→ Supplied material:
::::
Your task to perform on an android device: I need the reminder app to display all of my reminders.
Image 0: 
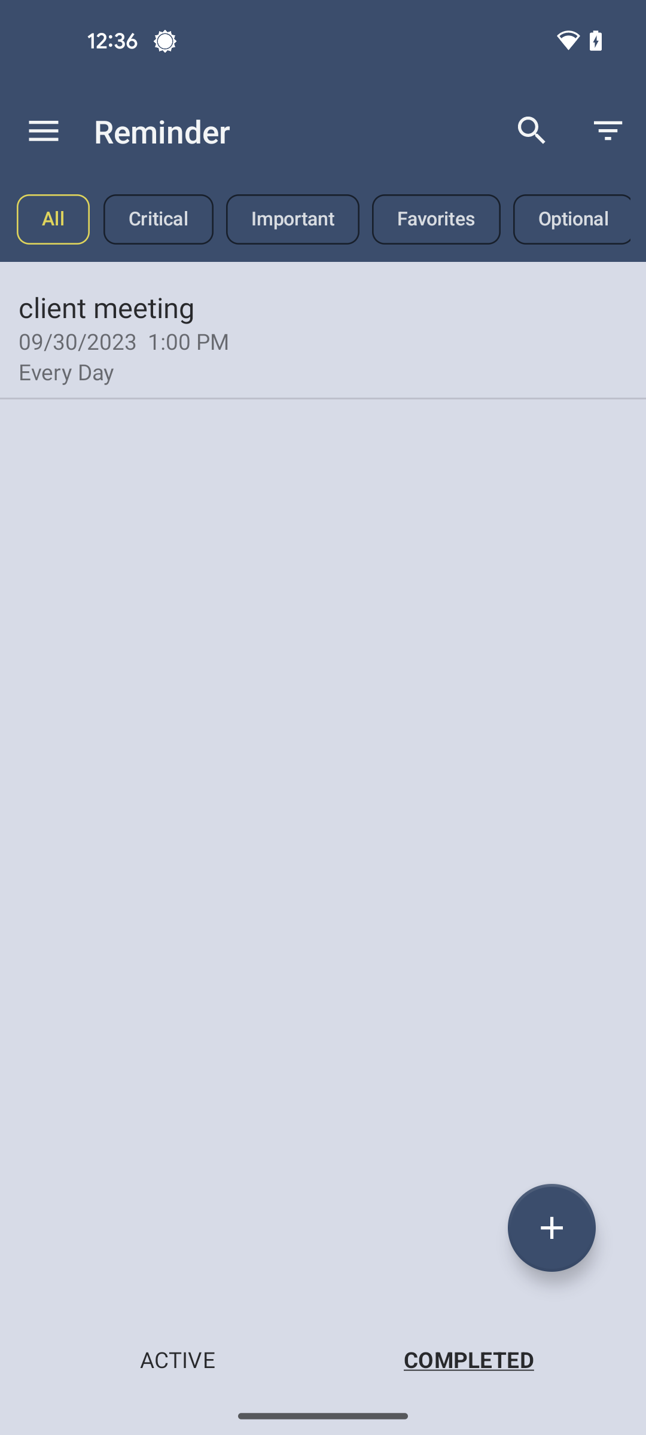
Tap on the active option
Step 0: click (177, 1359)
::::
→ Exercise objective: Except for the pictures, give all the material above again verbatim.

→ Expected output:
Your task to perform on an android device: I need the reminder app to display all of my reminders.
Image 0: 
Tap on the active option
Step 0: click (177, 1359)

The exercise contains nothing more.